[Start of Attachment]

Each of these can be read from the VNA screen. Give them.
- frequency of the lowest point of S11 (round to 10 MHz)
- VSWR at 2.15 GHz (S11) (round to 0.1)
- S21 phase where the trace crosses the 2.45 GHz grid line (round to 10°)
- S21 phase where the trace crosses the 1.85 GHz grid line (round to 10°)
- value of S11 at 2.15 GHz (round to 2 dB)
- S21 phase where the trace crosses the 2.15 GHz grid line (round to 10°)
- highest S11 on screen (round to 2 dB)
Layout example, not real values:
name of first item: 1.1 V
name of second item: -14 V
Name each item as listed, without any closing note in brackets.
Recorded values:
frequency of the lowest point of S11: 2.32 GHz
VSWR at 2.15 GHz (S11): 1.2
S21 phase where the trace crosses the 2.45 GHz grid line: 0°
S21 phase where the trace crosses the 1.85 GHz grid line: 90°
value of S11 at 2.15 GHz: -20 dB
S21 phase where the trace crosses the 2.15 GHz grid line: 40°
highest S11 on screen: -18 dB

[End of Attachment]
[Start of Attachment]

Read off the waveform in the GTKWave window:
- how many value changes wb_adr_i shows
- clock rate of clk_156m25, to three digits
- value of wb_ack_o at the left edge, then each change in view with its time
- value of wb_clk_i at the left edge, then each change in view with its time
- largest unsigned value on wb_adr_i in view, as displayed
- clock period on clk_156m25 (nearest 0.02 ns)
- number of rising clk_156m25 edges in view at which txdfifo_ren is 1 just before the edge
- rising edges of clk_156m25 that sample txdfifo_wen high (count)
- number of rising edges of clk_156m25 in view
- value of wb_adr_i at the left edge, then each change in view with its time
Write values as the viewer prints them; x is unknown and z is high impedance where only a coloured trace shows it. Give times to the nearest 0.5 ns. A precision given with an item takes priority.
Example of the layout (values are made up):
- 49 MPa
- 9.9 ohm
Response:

[End of Attachment]
[Start of Attachment]

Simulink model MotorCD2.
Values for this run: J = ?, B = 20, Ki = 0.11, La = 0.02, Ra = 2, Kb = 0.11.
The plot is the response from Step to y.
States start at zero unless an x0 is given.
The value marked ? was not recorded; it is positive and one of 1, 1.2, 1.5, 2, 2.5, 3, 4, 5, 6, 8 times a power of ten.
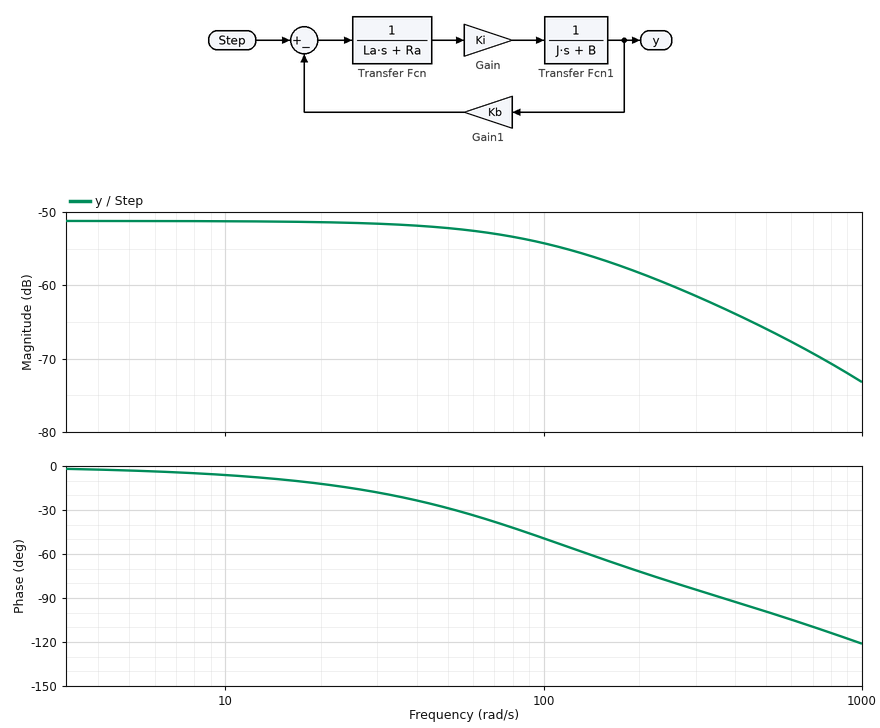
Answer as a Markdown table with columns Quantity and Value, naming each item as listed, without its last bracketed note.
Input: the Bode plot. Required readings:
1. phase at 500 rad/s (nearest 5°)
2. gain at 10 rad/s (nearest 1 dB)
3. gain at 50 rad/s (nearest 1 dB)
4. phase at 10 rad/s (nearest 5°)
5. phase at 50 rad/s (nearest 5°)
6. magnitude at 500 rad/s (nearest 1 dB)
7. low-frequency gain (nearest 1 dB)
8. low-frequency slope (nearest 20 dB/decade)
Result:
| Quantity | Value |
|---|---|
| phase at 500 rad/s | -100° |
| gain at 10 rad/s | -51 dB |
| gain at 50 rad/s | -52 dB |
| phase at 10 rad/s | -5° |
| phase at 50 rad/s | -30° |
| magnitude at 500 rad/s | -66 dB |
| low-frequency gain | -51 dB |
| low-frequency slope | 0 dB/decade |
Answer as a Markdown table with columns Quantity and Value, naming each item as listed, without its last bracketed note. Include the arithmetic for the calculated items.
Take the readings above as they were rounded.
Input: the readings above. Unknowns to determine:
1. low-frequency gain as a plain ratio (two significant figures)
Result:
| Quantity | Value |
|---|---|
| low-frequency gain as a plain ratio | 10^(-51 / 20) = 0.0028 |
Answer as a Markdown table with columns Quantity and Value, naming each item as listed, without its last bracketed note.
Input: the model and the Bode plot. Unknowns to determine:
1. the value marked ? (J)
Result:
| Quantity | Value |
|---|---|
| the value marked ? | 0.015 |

[End of Attachment]

## [INSTRUCTIONS FOR THE TASK]
From the entries above, return exactly the line containing "- S21 phase where the trace crosses the 1.85", the line containing "- highest S11 on screen (round to 2 dB)", and all lines between, and nothing else.

## [ANSWER SECTION]
- S21 phase where the trace crosses the 1.85 GHz grid line (round to 10°)
- value of S11 at 2.15 GHz (round to 2 dB)
- S21 phase where the trace crosses the 2.15 GHz grid line (round to 10°)
- highest S11 on screen (round to 2 dB)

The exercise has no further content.